Types of Classes
Taught by Anne Rundle, MS, RN, RYT-200 unless otherwise noted
Private/Individual classes are great for people whose bodies want individual attention - if you are totally new to yoga and want to learn on your own, or recovering from an injury, or coping with a chronic illness that warrants a customized class. Classes can take place in the Asteya yoga studio or in your home. Private sessions cost $25.00 per hour.
Power yoga is a 75-minute combination of stretching, strengthening, and kick-butt yoga poses that focus on the breath, core tightening, and all over toning. You will be destressed, relaxed yet refreshed and invigorated, and a little sore the next morning!
Kickasana!!!! Kickboxing and Yoga is an all-out sweaty and fun workout involving 45 minutes of cardio-strengthening Kickboxing moves (kicking and punching, and some fancy footwork) and 45 minutes of intermediate vinyasa yoga.

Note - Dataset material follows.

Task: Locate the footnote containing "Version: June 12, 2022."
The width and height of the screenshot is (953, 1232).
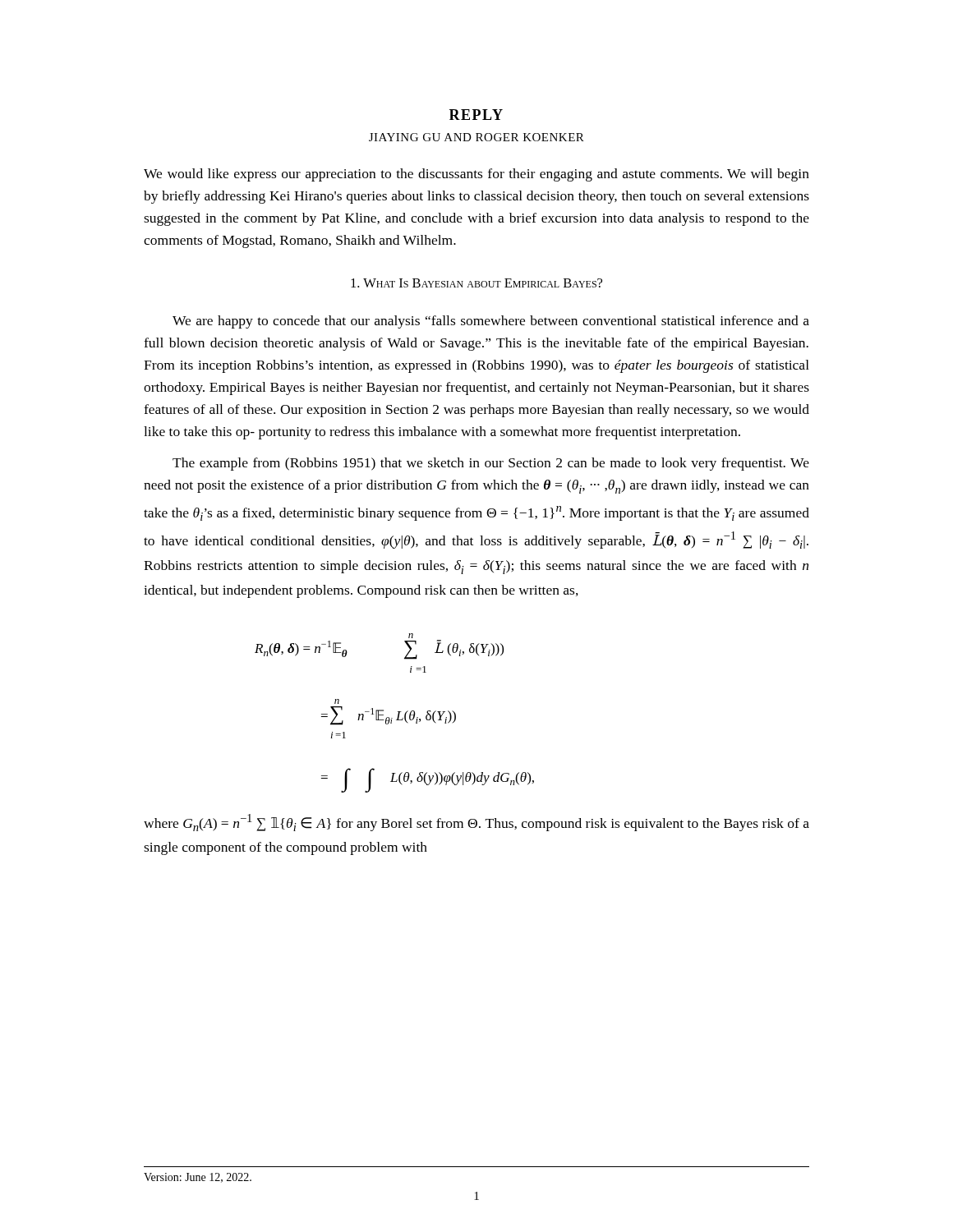Action: (x=198, y=1177)
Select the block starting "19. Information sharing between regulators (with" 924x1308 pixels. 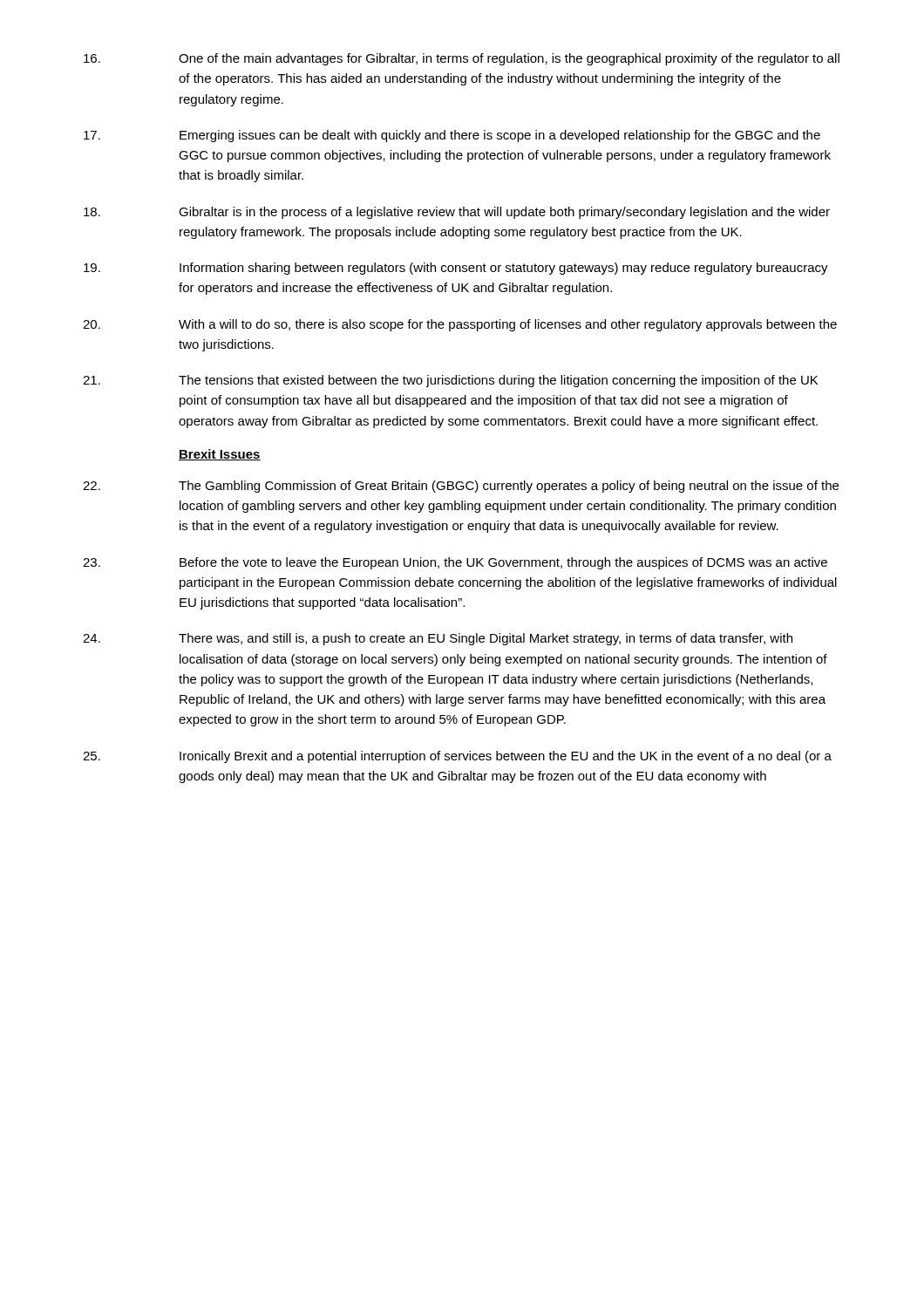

Gentle/Morning Vinyasa/Vinyasa: Perfect for all levels, the class helps you to stretch, de-stress, and take a little "me" time. Incorporating mindfulness practice, the class follows a gentle yet invigorating flow of stretching and strengthening poses. The AM classes will leave you refreshed and ready for the day, the PM classes practically guarantee a great night’s sleep!
Lunchtime Yoga is a gentle yet refreshing practice. You will get a nice (but not too sweaty) work out that increases energy and decreases stress for your work week. Drop in rate is 5.00 per class.
Tai Chi with Petra Horgan: Tai Chi is an ancient Chinese exercise. Sometimes referred to as "meditation in motion," it is a series of dance-like movements in conjunction with deep breathing. The typical class will include gentle warm-up exercises moving slowly and focusing on correct body alignment. The goal in Tai Chi is to move your body through the postures in a relaxed and mindful way.
Mat Pilates with Sandy Kiley: Pilates is a conditioning routine that helps to build flexibility, muscle strength, and all-over endurance, emphasizing spinal and pelvic alignment breathing, and core strengthening. We add variety and challenge with the use of props such as light weights and small balls.